So now that h.264, h.265, and AV1 seem to be the three major codecs with hardware support, I wonder what will be the next one?
Where did it say that?
> AV1 powers approximately 30% of all Netflix viewing
Is admittedly a bit non-specific, it could be interpreted as 30% of users or 30% of hours-of-video-streamed, which are very different metrics. If 5% of your users are using AV1, but that 5% watches far above the average, you can have a minority userbase with an outsized representation in hours viewed.
I'm not saying that's the case, just giving an example of how it doesn't necessarily translate to 30% of devices using Netflix supporting AV1.
Also, the blog post identifies that there is an effective/efficient software decoder, which allows people without hardware acceleration to still view AV1 media in some cases (the case they defined was Android based phones). So that kinda complicates what "X% of devices support AV1 playback," as it doesn't necessarily mean they have hardware decoding.
AV1 was specifically designed to be friendly for a hardware decoder and that decision makes it friendly to software decoding. This happened because AOMedia got hardware manufacturers on the board pretty early on and took their feedback seriously.
VP8/9 took a long time to get decent hardware decoding and part of the reason for that was because the stream was more complex than the AV1 stream.
I think they certainly go hand in hand in that algorithms relatively easier for software vs previously are easier for hardware vs previously and vice versa, but they are good at different things.
Bit masking/shifting is certainly more expensive in software, but it's also about the cheapest software operation.
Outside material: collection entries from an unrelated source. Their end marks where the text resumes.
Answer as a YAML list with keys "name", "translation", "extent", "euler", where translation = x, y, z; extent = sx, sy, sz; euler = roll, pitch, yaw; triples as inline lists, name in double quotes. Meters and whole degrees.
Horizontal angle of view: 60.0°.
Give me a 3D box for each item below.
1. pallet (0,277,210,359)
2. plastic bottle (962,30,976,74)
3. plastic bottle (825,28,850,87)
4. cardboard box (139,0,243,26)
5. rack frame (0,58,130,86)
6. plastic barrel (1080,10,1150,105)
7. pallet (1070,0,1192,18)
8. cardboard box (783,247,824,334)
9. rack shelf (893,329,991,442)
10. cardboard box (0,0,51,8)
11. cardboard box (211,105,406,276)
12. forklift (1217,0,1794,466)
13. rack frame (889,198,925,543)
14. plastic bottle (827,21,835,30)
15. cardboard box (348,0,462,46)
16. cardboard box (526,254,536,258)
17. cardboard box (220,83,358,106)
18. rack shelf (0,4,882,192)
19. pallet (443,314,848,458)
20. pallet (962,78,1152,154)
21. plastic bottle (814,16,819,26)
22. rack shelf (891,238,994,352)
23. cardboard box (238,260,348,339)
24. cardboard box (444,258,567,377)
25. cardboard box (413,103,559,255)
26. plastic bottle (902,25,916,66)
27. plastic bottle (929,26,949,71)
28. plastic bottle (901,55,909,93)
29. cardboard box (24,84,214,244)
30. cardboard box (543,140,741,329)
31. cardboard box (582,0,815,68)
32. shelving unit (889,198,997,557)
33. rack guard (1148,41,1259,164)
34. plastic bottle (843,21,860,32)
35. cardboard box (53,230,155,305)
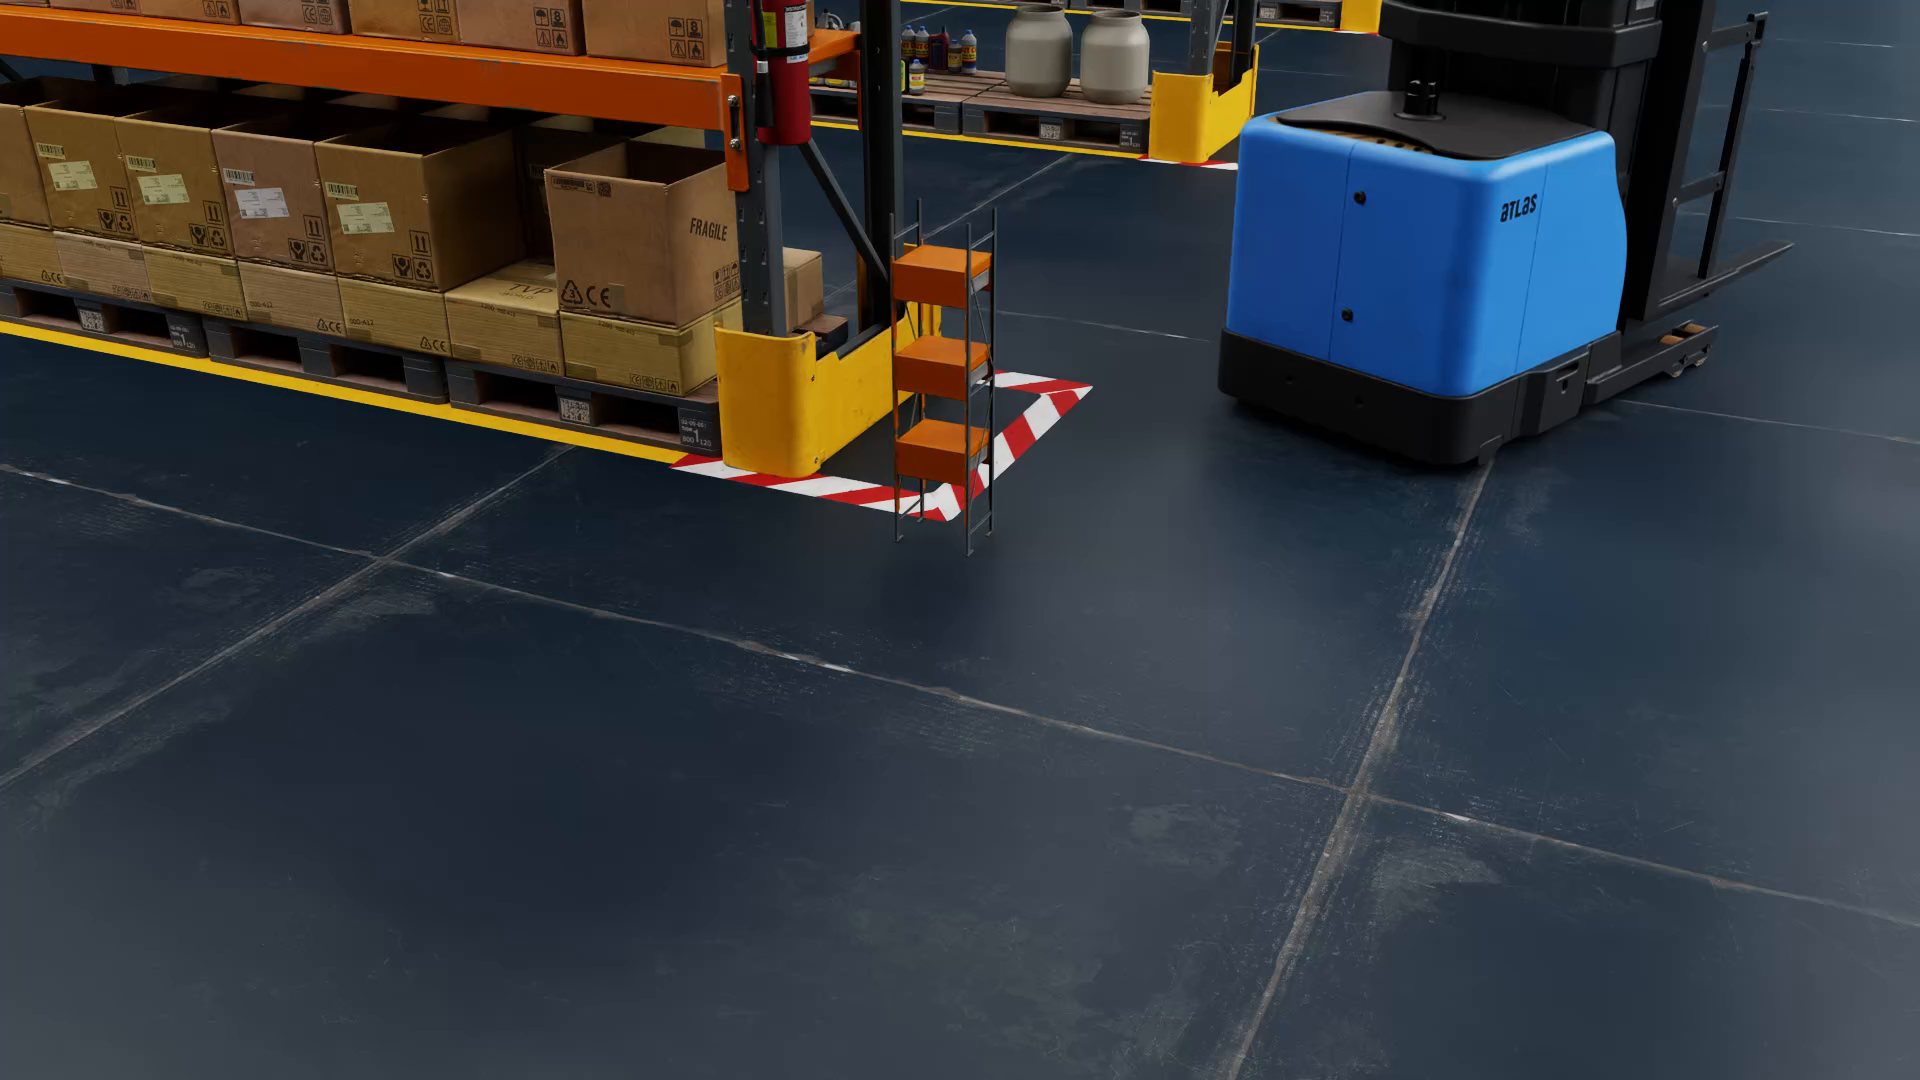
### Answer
- name: "pallet"
  translation: [-3.408, -1.134, 7.314]
  extent: [1.213, 0.211, 1.003]
  euler: [11, 28, 22]
- name: "plastic bottle"
  translation: [0.059, -3.237, 11.019]
  extent: [0.097, 0.271, 0.097]
  euler: [0, 26, 0]
- name: "plastic bottle"
  translation: [-0.769, -3.086, 10.624]
  extent: [0.185, 0.351, 0.144]
  euler: [13, 29, 24]
- name: "cardboard box"
  translation: [-2.770, -2.326, 6.466]
  extent: [0.500, 0.500, 0.700]
  euler: [12, 29, 23]
- name: "rack frame"
  translation: [-4.114, -2.547, 7.028]
  extent: [0.127, 3.000, 1.000]
  euler: [11, 28, 22]
- name: "plastic barrel"
  translation: [0.950, -2.969, 10.225]
  extent: [0.421, 0.512, 0.421]
  euler: [0, 26, 0]
- name: "pallet"
  translation: [1.730, -4.948, 15.060]
  extent: [1.213, 0.211, 1.003]
  euler: [11, 28, 22]
- name: "cardboard box"
  translation: [-0.869, -0.958, 6.438]
  extent: [0.500, 0.250, 0.500]
  euler: [11, 28, 22]
- name: "rack shelf"
  translation: [-0.049, -0.471, 5.043]
  extent: [0.240, 0.259, 0.215]
  euler: [11, 28, 22]
- name: "cardboard box"
  translation: [-3.708, -2.513, 6.846]
  extent: [0.500, 0.500, 0.700]
  euler: [11, 28, 20]
- name: "cardboard box"
  translation: [-2.455, -1.354, 6.393]
  extent: [0.500, 0.500, 0.500]
  euler: [11, 28, 22]
- name: "forklift"
  translation: [2.395, -2.105, 6.207]
  extent: [3.031, 2.935, 1.130]
  euler: [-22, 34, -37]
- name: "rack frame"
  translation: [-0.160, -0.503, 5.083]
  extent: [0.008, 1.050, 0.200]
  euler: [11, 28, 22]
- name: "plastic bottle"
  translation: [-0.905, -3.375, 11.286]
  extent: [0.133, 0.283, 0.061]
  euler: [11, 28, 22]
- name: "cardboard box"
  translation: [-1.822, -2.138, 6.084]
  extent: [0.500, 0.500, 0.700]
  euler: [12, 28, 22]
- name: "cardboard box"
  translation: [-1.781, -1.140, 6.806]
  extent: [0.500, 0.250, 0.500]
  euler: [11, 28, 22]
- name: "cardboard box"
  translation: [-2.694, -1.655, 7.005]
  extent: [0.500, 0.500, 0.500]
  euler: [11, 28, 22]
- name: "rack shelf"
  translation: [-2.294, -1.859, 6.444]
  extent: [4.000, 0.370, 1.077]
  euler: [11, 28, 22]
- name: "pallet"
  translation: [-1.186, -0.688, 6.408]
  extent: [1.213, 0.211, 1.003]
  euler: [11, 28, 22]
- name: "pallet"
  translation: [0.755, -2.701, 10.498]
  extent: [1.213, 0.211, 1.003]
  euler: [11, 28, 22]
- name: "plastic bottle"
  translation: [-1.015, -3.467, 11.473]
  extent: [0.133, 0.283, 0.061]
  euler: [13, 29, 25]
- name: "rack shelf"
  translation: [-0.049, -0.726, 4.917]
  extent: [0.240, 0.259, 0.215]
  euler: [11, 28, 22]
- name: "cardboard box"
  translation: [-2.454, -1.019, 6.562]
  extent: [0.500, 0.250, 0.500]
  euler: [11, 28, 22]
- name: "cardboard box"
  translation: [-1.544, -0.836, 6.190]
  extent: [0.500, 0.250, 0.500]
  euler: [11, 28, 22]
- name: "cardboard box"
  translation: [-1.785, -1.471, 6.631]
  extent: [0.500, 0.500, 0.500]
  euler: [11, 28, 22]
- name: "plastic bottle"
  translation: [-0.344, -3.318, 11.184]
  extent: [0.097, 0.271, 0.097]
  euler: [0, 26, 0]
- name: "plastic bottle"
  translation: [-0.139, -3.291, 11.116]
  extent: [0.133, 0.283, 0.061]
  euler: [12, 29, 23]
- name: "plastic bottle"
  translation: [-0.386, -2.959, 10.441]
  extent: [0.133, 0.283, 0.061]
  euler: [12, 29, 23]
- name: "cardboard box"
  translation: [-3.363, -1.539, 6.769]
  extent: [0.500, 0.500, 0.500]
  euler: [11, 28, 22]
- name: "cardboard box"
  translation: [-1.084, -1.085, 5.847]
  extent: [0.500, 0.500, 0.500]
  euler: [11, 28, 22]
- name: "cardboard box"
  translation: [-0.893, -1.951, 5.704]
  extent: [0.500, 0.500, 0.700]
  euler: [11, 28, 22]
- name: "shelving unit"
  translation: [-0.049, -0.481, 5.038]
  extent: [0.252, 1.050, 0.215]
  euler: [11, 28, 22]
- name: "rack guard"
  translation: [1.492, -2.680, 10.128]
  extent: [0.348, 0.500, 1.175]
  euler: [11, 28, 22]
- name: "plastic bottle"
  translation: [-0.740, -3.386, 11.317]
  extent: [0.135, 0.276, 0.152]
  euler: [12, 29, 23]
- name: "cardboard box"
  translation: [-3.364, -1.202, 6.933]
  extent: [0.500, 0.250, 0.500]
  euler: [11, 28, 22]

In most cases it's a single cycle transform. In the best cases, it's something that can be done with some type of SIMD instruction. And in even better cases, it's a repeated operation which can be distributed across the array of GPU vector processors.
What kills both hardware and software performance is data dependency and conditional logic. That's the sort of thing that was limited in the AV1 stream.
He's not talking about simple bit shifts. Imagine if you had to swap every other bit of a value. In hardware that's completely free; just change which wires you connect to. In software it takes several instructions. The 65 bit example is good too. In hardware it makes basically no difference to go from 64 bits to 65 bits. In software it is significantly more complete - it can more than double computation time.
I think where software has the advantage is sheer complexity. It's harder to design and verify complex algorithms in hardware than it is in software, so you need to keep things fairly simple. The design of even state-of-the-art CPUs is surprisingly simple; a cycle accurate model might only be a few tens of thousands of lines of code.